# WHAT YOU HAVE TO DO
Write again exactly the lines in the listing below, starting at the line with "3D box for the" and ending at the line with "Numbers: x, y, z, sx, sy, sz, roll, pitch, yaw. Made-up", both included. Pictures are not copied.

# DATA SUPPLIED
§ §

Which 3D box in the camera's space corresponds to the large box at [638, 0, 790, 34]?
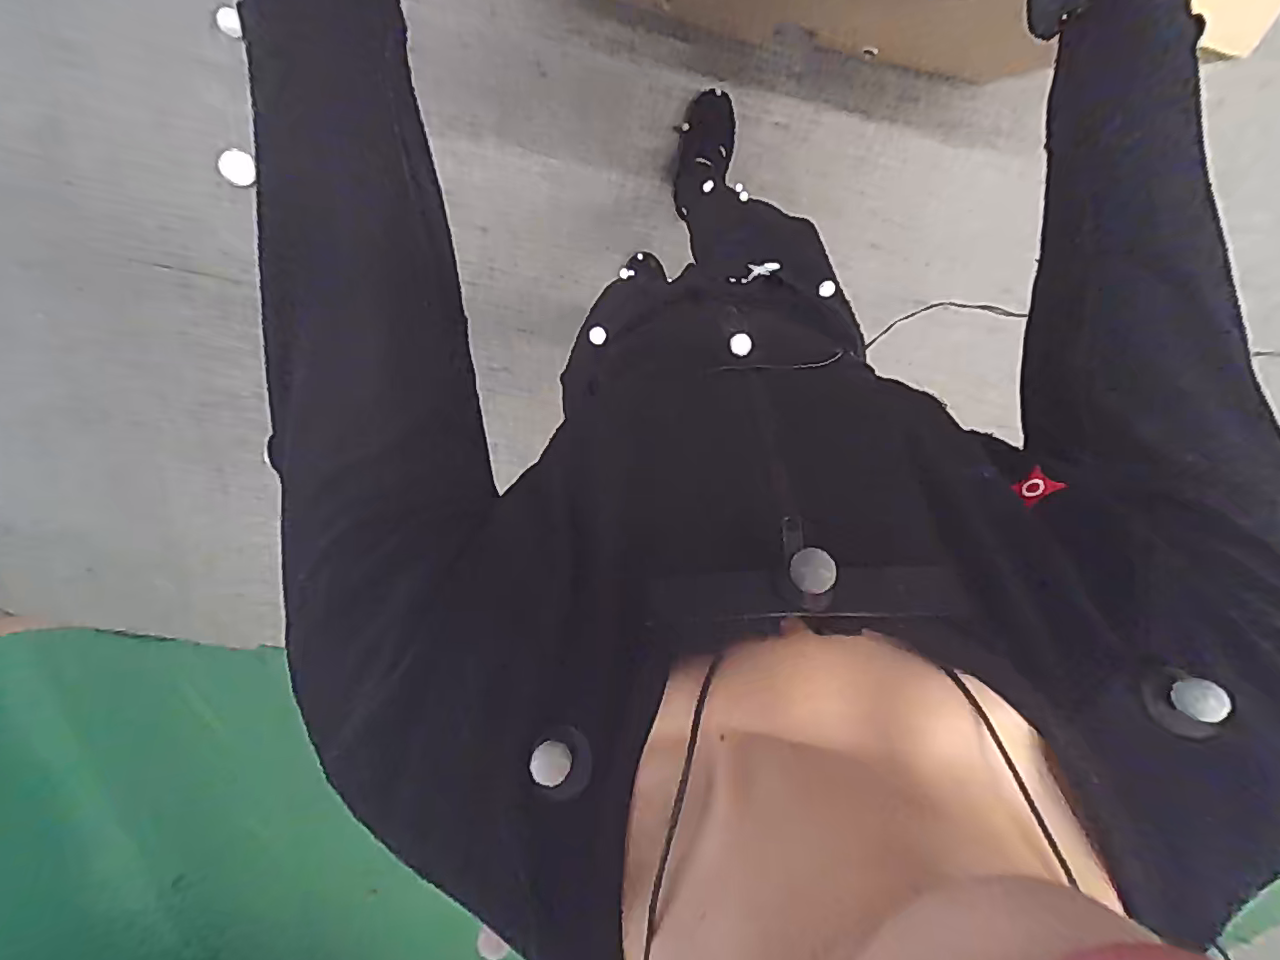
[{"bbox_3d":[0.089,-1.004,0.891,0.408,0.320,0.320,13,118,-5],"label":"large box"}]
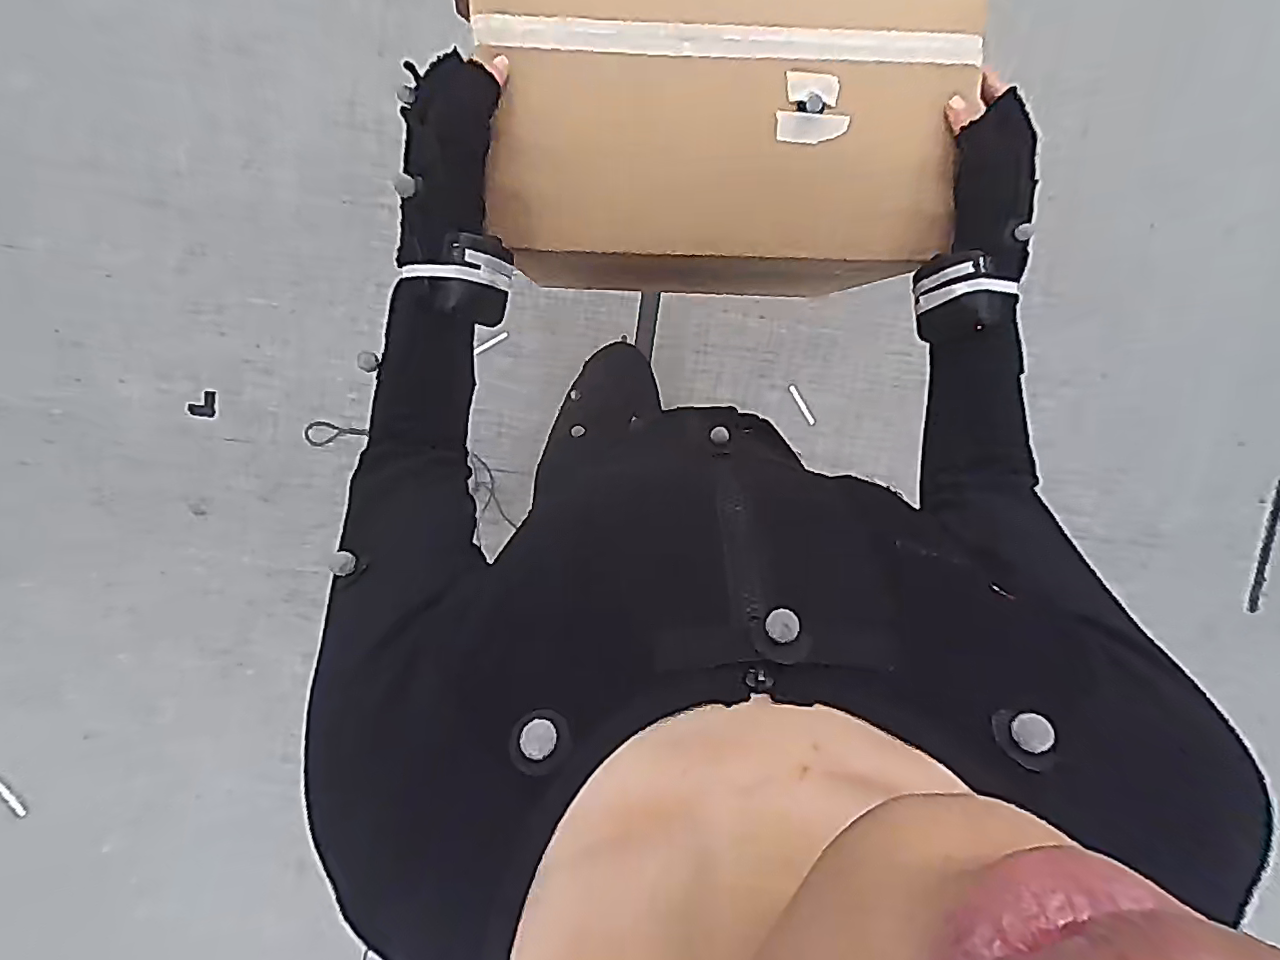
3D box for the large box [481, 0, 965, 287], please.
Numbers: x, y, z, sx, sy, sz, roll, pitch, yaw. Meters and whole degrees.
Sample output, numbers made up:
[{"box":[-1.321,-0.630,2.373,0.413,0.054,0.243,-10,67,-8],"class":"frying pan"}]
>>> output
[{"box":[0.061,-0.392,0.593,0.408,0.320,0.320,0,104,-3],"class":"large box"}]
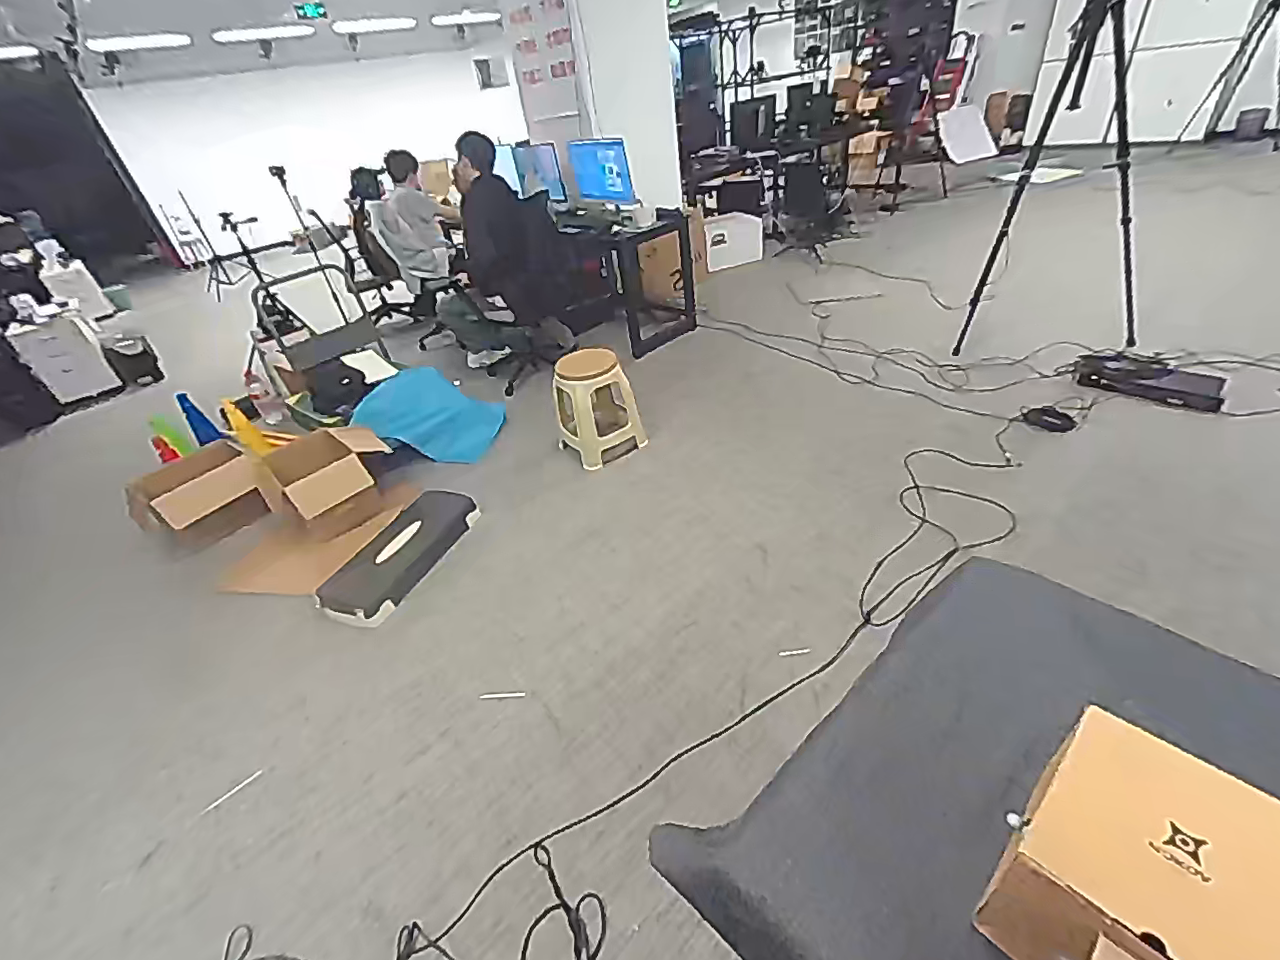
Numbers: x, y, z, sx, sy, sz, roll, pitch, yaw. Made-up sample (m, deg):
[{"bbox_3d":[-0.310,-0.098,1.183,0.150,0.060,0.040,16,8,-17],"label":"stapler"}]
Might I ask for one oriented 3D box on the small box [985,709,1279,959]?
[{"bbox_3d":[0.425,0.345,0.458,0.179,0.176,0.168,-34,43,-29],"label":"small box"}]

§ §

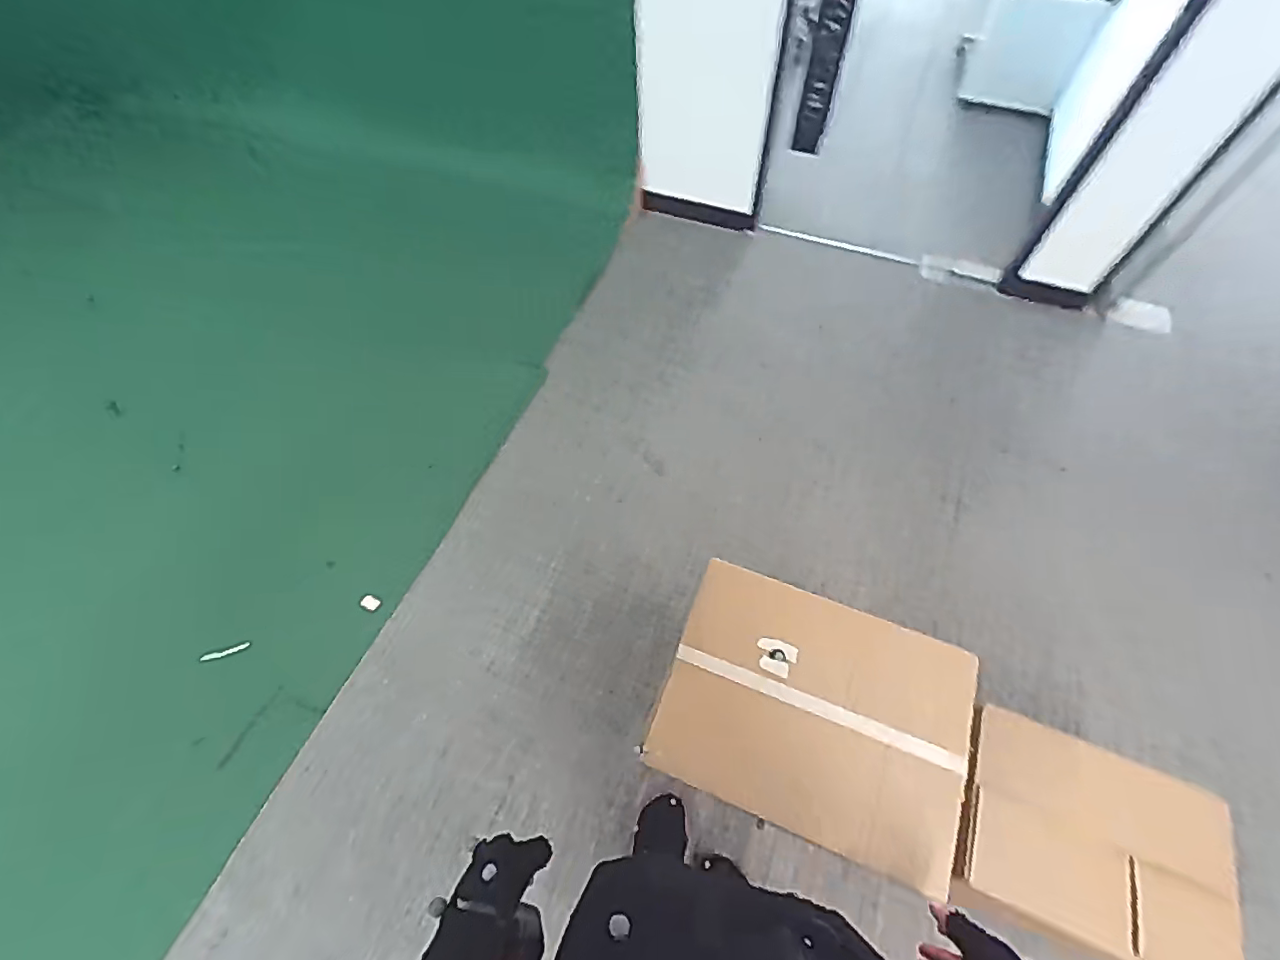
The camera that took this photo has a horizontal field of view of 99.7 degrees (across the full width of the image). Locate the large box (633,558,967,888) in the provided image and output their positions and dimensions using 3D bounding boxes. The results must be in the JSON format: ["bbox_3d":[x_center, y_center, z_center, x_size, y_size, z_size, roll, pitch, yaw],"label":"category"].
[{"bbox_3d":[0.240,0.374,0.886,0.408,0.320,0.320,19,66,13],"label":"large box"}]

§ §

# COMPLETED EXERCISE
3D box for the large box [481, 0, 965, 287], please.
Numbers: x, y, z, sx, sy, sz, roll, pitch, yaw. Meters and whole degrees.
Sample output, numbers made up:
[{"box":[-1.321,-0.630,2.373,0.413,0.054,0.243,-10,67,-8],"class":"frying pan"}]
>>> output
[{"box":[0.061,-0.392,0.593,0.408,0.320,0.320,0,104,-3],"class":"large box"}]
Numbers: x, y, z, sx, sy, sz, roll, pitch, yaw. Made-up sample (m, deg):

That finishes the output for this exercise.